| Exercise |
Leave every image out, and print the remaining lines below exactly.

| Dataset excerpts |
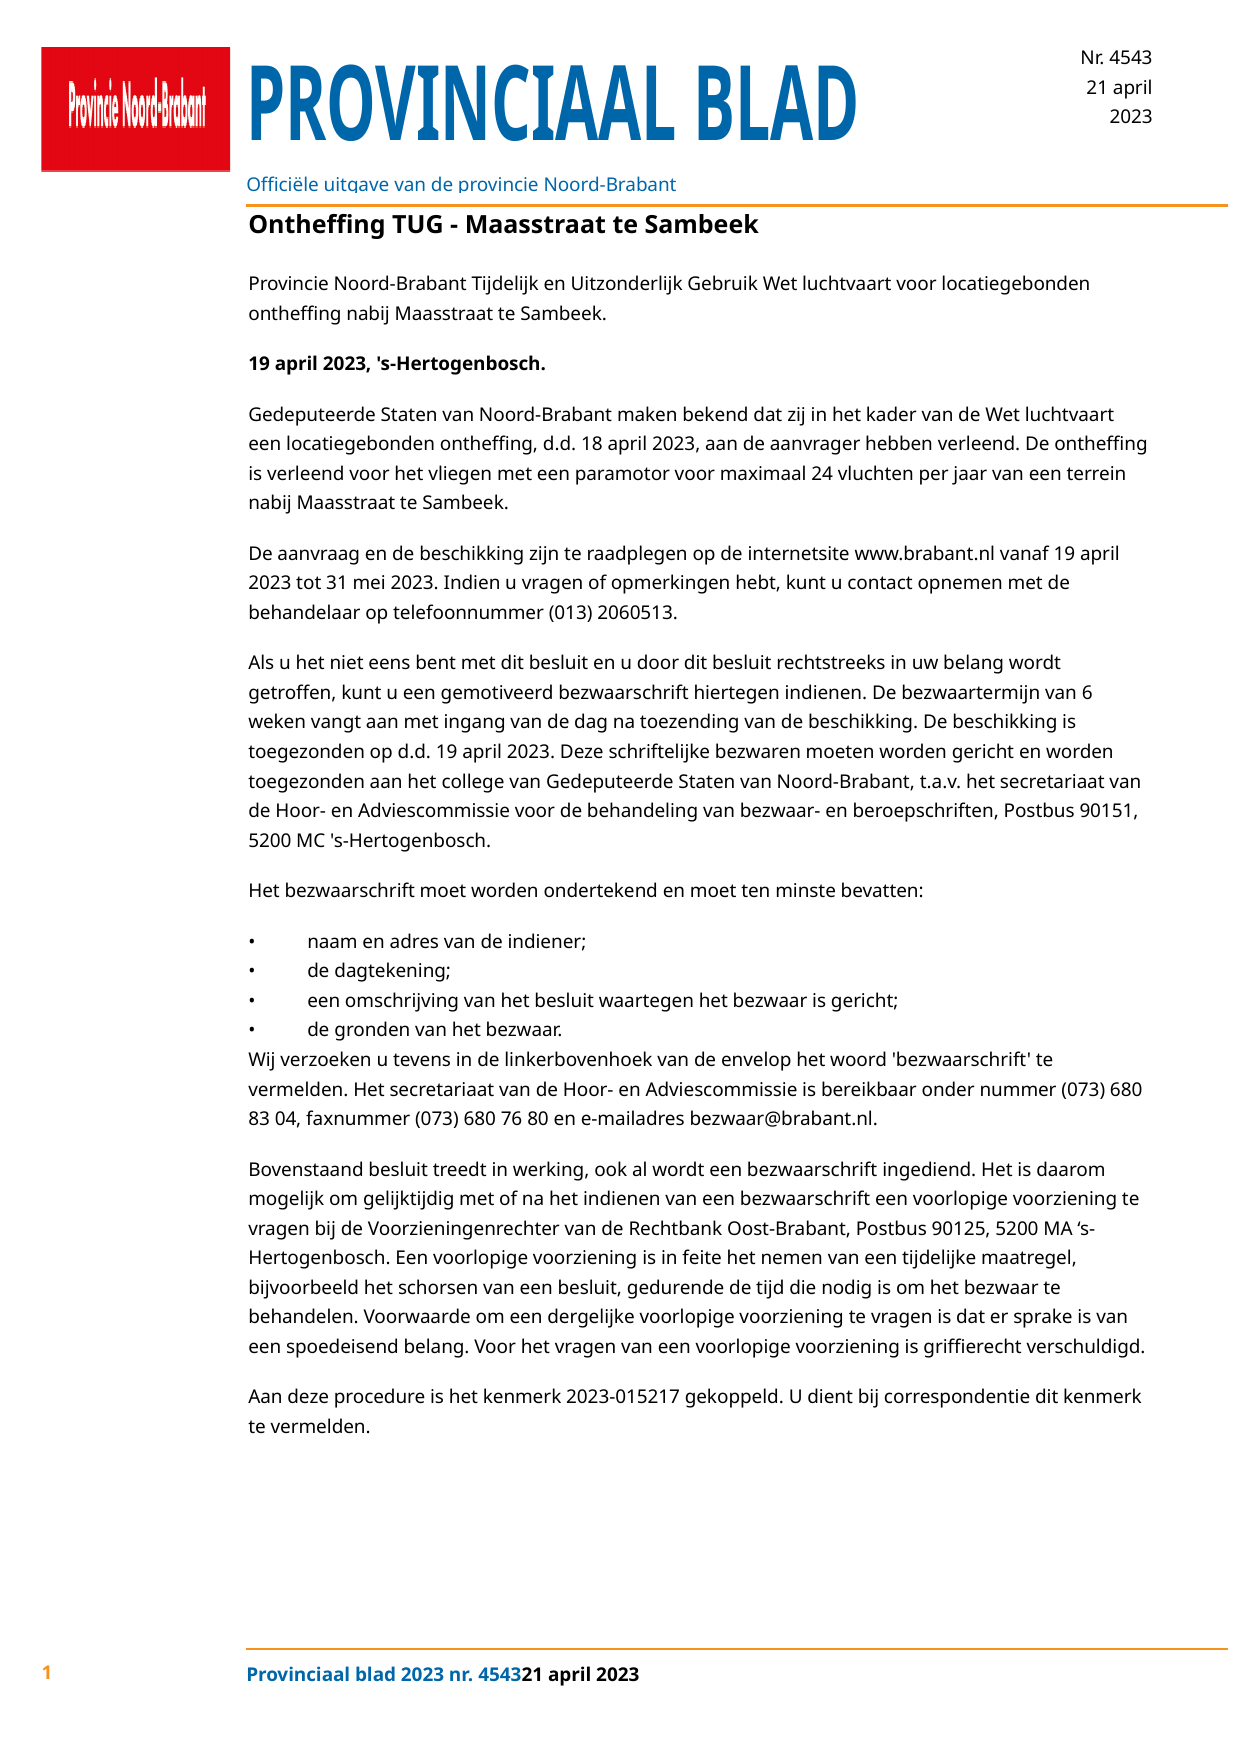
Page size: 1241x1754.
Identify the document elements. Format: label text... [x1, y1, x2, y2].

text 19 april 2023, 's-Hertogenbosch. [248, 350, 1152, 376]
text Gedeputeerde Staten van Noord-Brabant maken bekend dat zij in het kader van de Wet luchtvaart een locatiegebonden ontheffing, d.d. 18 april 2023, aan de aanvrager hebben verleend. De ontheffing is verleend voor het vliegen met een paramotor voor maximaal 24 vluchten per jaar van een terrein nabij Maasstraat te Sambeek. [248, 401, 1152, 515]
list naam en adres van de indiener; [248, 928, 1152, 953]
list de dagtekening; [248, 957, 1152, 983]
list een omschrijving van het besluit waartegen het bezwaar is gericht; [248, 987, 1152, 1013]
text Ontheffing TUG - Maasstraat te Sambeek [248, 207, 1152, 241]
list de gronden van het bezwaar. [248, 1017, 1152, 1042]
text Het bezwaarschrift moet worden ondertekend en moet ten minste bevatten: [248, 877, 1152, 903]
text Wij verzoeken u tevens in de linkerbovenhoek van de envelop het woord 'bezwaarschrift' te vermelden. Het secretariaat van de Hoor- en Adviescommissie is bereikbaar onder nummer (073) 680 83 04, faxnummer (073) 680 76 80 en e-mailadres bezwaar@brabant.nl. [248, 1046, 1152, 1131]
text Provincie Noord-Brabant Tijdelijk en Uitzonderlijk Gebruik Wet luchtvaart voor locatiegebonden ontheffing nabij Maasstraat te Sambeek. [248, 270, 1152, 326]
text De aanvraag en de beschikking zijn te raadplegen op de internetsite www.brabant.nl vanaf 19 april 2023 tot 31 mei 2023. Indien u vragen of opmerkingen hebt, kunt u contact opnemen met de behandelaar op telefoonnummer (013) 2060513. [248, 540, 1152, 625]
text Als u het niet eens bent met dit besluit en u door dit besluit rechtstreeks in uw belang wordt getroffen, kunt u een gemotiveerd bezwaarschrift hiertegen indienen. De bezwaartermijn van 6 weken vangt aan met ingang van de dag na toezending van de beschikking. De beschikking is toegezonden op d.d. 19 april 2023. Deze schriftelijke bezwaren moeten worden gericht en worden toegezonden aan het college van Gedeputeerde Staten van Noord-Brabant, t.a.v. het secretariaat van de Hoor- en Adviescommissie voor de behandeling van bezwaar- en beroepschriften, Postbus 90151, 5200 MC 's-Hertogenbosch. [248, 649, 1152, 853]
picture [41, 47, 231, 172]
text Bovenstaand besluit treedt in werking, ook al wordt een bezwaarschrift ingediend. Het is daarom mogelijk om gelijktijdig met of na het indienen van een bezwaarschrift een voorlopige voorziening te vragen bij de Voorzieningenrechter van de Rechtbank Oost-Brabant, Postbus 90125, 5200 MA ‘s-Hertogenbosch. Een voorlopige voorziening is in feite het nemen van een tijdelijke maatregel, bijvoorbeeld het schorsen van een besluit, gedurende de tijd die nodig is om het bezwaar te behandelen. Voorwaarde om een dergelijke voorlopige voorziening te vragen is dat er sprake is van een spoedeisend belang. Voor het vragen van een voorlopige voorziening is griffierecht verschuldigd. [248, 1156, 1152, 1359]
text Aan deze procedure is het kenmerk 2023-015217 gekoppeld. U dient bij correspondentie dit kenmerk te vermelden. [248, 1384, 1152, 1439]
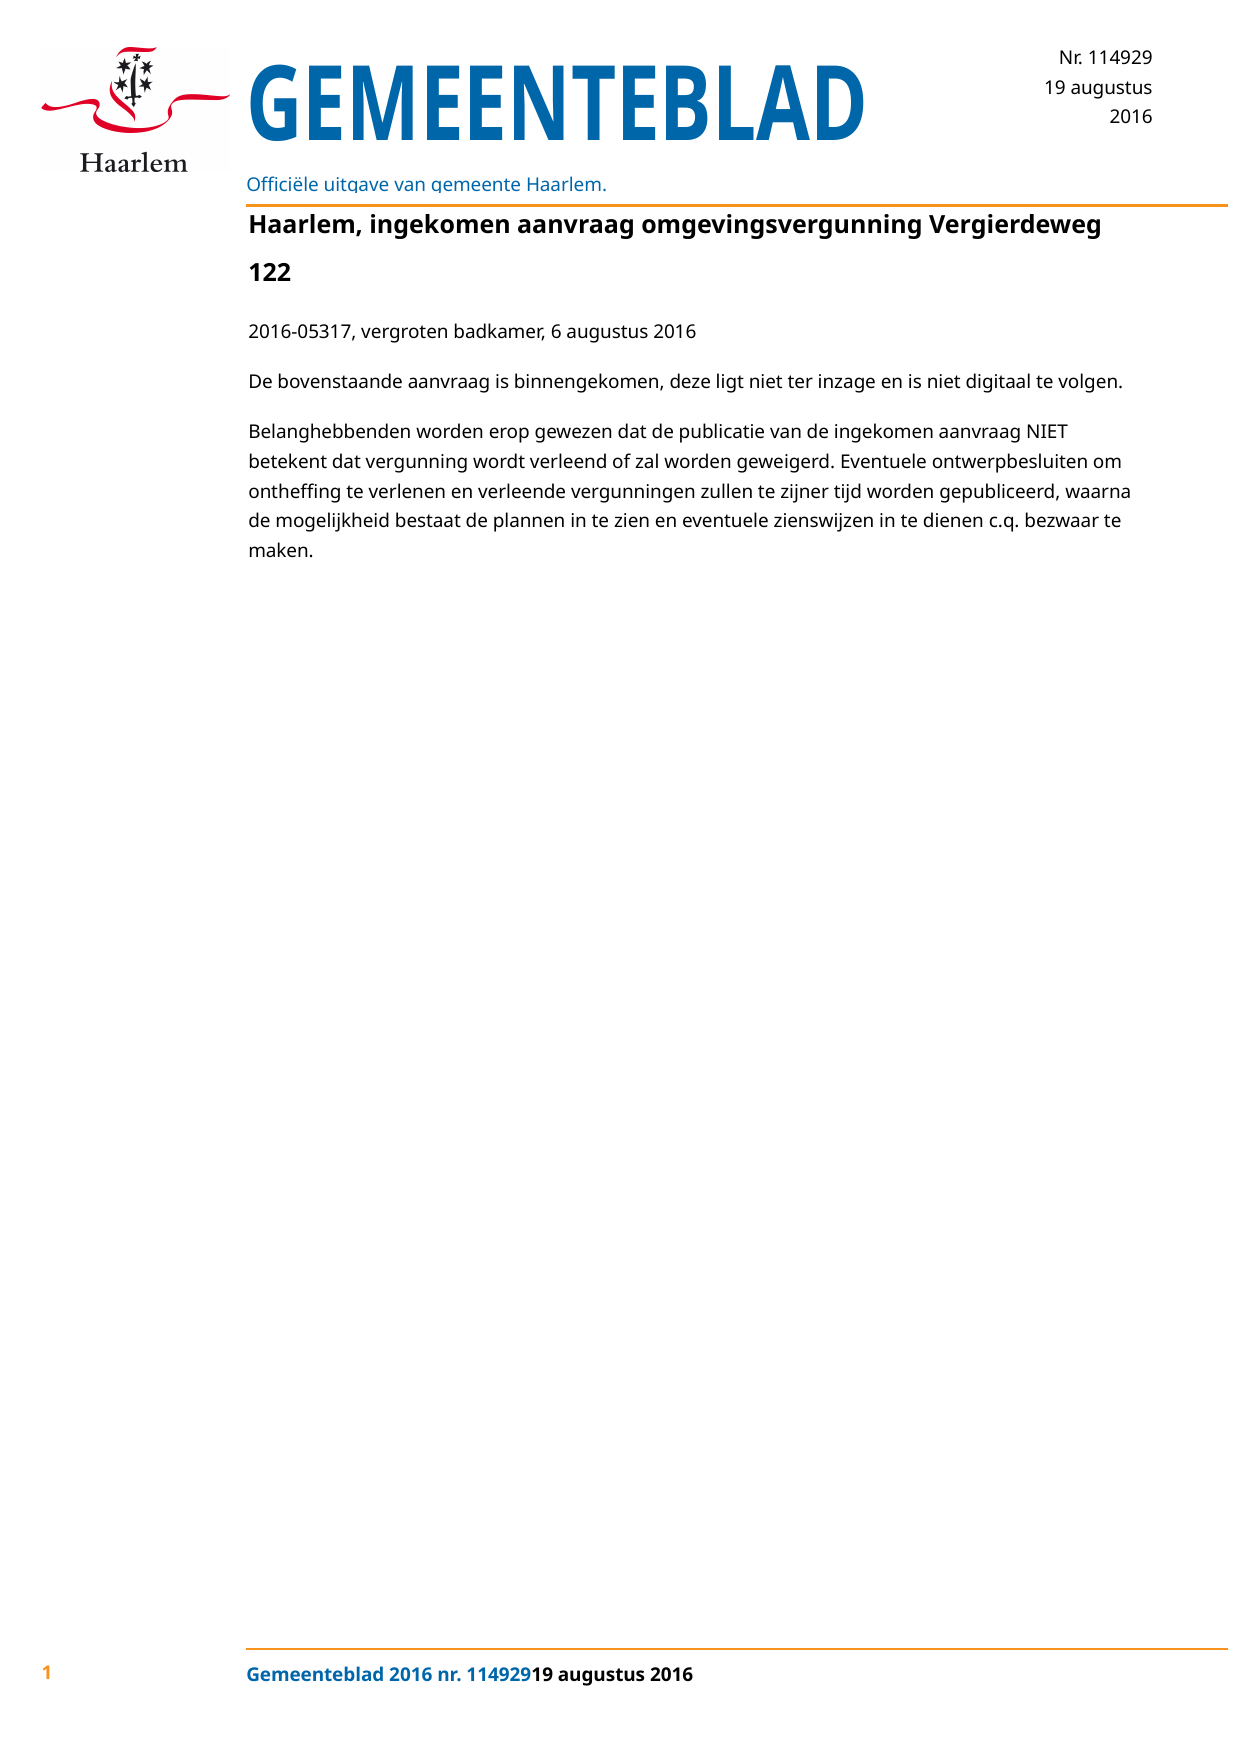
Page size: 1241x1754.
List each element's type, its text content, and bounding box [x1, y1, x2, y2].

text Haarlem, ingekomen aanvraag omgevingsvergunning Vergierdeweg 122 [248, 207, 1152, 288]
text Belanghebbenden worden erop gewezen dat de publicatie van de ingekomen aanvraag NIET betekent dat vergunning wordt verleend of zal worden geweigerd. Eventuele ontwerpbesluiten om ontheffing te verlenen en verleende vergunningen zullen te zijner tijd worden gepubliceerd, waarna de mogelijkheid bestaat de plannen in te zien en eventuele zienswijzen in te dienen c.q. bezwaar te maken. [248, 419, 1152, 563]
picture [41, 47, 231, 172]
text 2016-05317, vergroten badkamer, 6 augustus 2016 [248, 318, 1152, 344]
text De bovenstaande aanvraag is binnengekomen, deze ligt niet ter inzage en is niet digitaal te volgen. [248, 368, 1152, 394]

| Output for this exercise |
Page size: 1241x1754.
Identify the document elements. Format: label text... [x1, y1, x2, y2].

text 19 april 2023, 's-Hertogenbosch. [248, 350, 1152, 376]
text Gedeputeerde Staten van Noord-Brabant maken bekend dat zij in het kader van de Wet luchtvaart een locatiegebonden ontheffing, d.d. 18 april 2023, aan de aanvrager hebben verleend. De ontheffing is verleend voor het vliegen met een paramotor voor maximaal 24 vluchten per jaar van een terrein nabij Maasstraat te Sambeek. [248, 401, 1152, 515]
list naam en adres van de indiener; [248, 928, 1152, 953]
list de dagtekening; [248, 957, 1152, 983]
list een omschrijving van het besluit waartegen het bezwaar is gericht; [248, 987, 1152, 1013]
text Ontheffing TUG - Maasstraat te Sambeek [248, 207, 1152, 241]
list de gronden van het bezwaar. [248, 1017, 1152, 1042]
text Het bezwaarschrift moet worden ondertekend en moet ten minste bevatten: [248, 877, 1152, 903]
text Wij verzoeken u tevens in de linkerbovenhoek van de envelop het woord 'bezwaarschrift' te vermelden. Het secretariaat van de Hoor- en Adviescommissie is bereikbaar onder nummer (073) 680 83 04, faxnummer (073) 680 76 80 en e-mailadres bezwaar@brabant.nl. [248, 1046, 1152, 1131]
text Provincie Noord-Brabant Tijdelijk en Uitzonderlijk Gebruik Wet luchtvaart voor locatiegebonden ontheffing nabij Maasstraat te Sambeek. [248, 270, 1152, 326]
text De aanvraag en de beschikking zijn te raadplegen op de internetsite www.brabant.nl vanaf 19 april 2023 tot 31 mei 2023. Indien u vragen of opmerkingen hebt, kunt u contact opnemen met de behandelaar op telefoonnummer (013) 2060513. [248, 540, 1152, 625]
text Als u het niet eens bent met dit besluit en u door dit besluit rechtstreeks in uw belang wordt getroffen, kunt u een gemotiveerd bezwaarschrift hiertegen indienen. De bezwaartermijn van 6 weken vangt aan met ingang van de dag na toezending van de beschikking. De beschikking is toegezonden op d.d. 19 april 2023. Deze schriftelijke bezwaren moeten worden gericht en worden toegezonden aan het college van Gedeputeerde Staten van Noord-Brabant, t.a.v. het secretariaat van de Hoor- en Adviescommissie voor de behandeling van bezwaar- en beroepschriften, Postbus 90151, 5200 MC 's-Hertogenbosch. [248, 649, 1152, 853]
picture [41, 47, 231, 172]
text Bovenstaand besluit treedt in werking, ook al wordt een bezwaarschrift ingediend. Het is daarom mogelijk om gelijktijdig met of na het indienen van een bezwaarschrift een voorlopige voorziening te vragen bij de Voorzieningenrechter van de Rechtbank Oost-Brabant, Postbus 90125, 5200 MA ‘s-Hertogenbosch. Een voorlopige voorziening is in feite het nemen van een tijdelijke maatregel, bijvoorbeeld het schorsen van een besluit, gedurende de tijd die nodig is om het bezwaar te behandelen. Voorwaarde om een dergelijke voorlopige voorziening te vragen is dat er sprake is van een spoedeisend belang. Voor het vragen van een voorlopige voorziening is griffierecht verschuldigd. [248, 1156, 1152, 1359]
text Aan deze procedure is het kenmerk 2023-015217 gekoppeld. U dient bij correspondentie dit kenmerk te vermelden. [248, 1384, 1152, 1439]
Page size: 1241x1754.
List each element's type, its text content, and bounding box [x1, y1, x2, y2].

text Haarlem, ingekomen aanvraag omgevingsvergunning Vergierdeweg 122 [248, 207, 1152, 288]
text Belanghebbenden worden erop gewezen dat de publicatie van de ingekomen aanvraag NIET betekent dat vergunning wordt verleend of zal worden geweigerd. Eventuele ontwerpbesluiten om ontheffing te verlenen en verleende vergunningen zullen te zijner tijd worden gepubliceerd, waarna de mogelijkheid bestaat de plannen in te zien en eventuele zienswijzen in te dienen c.q. bezwaar te maken. [248, 419, 1152, 563]
picture [41, 47, 231, 172]
text 2016-05317, vergroten badkamer, 6 augustus 2016 [248, 318, 1152, 344]
text De bovenstaande aanvraag is binnengekomen, deze ligt niet ter inzage en is niet digitaal te volgen. [248, 368, 1152, 394]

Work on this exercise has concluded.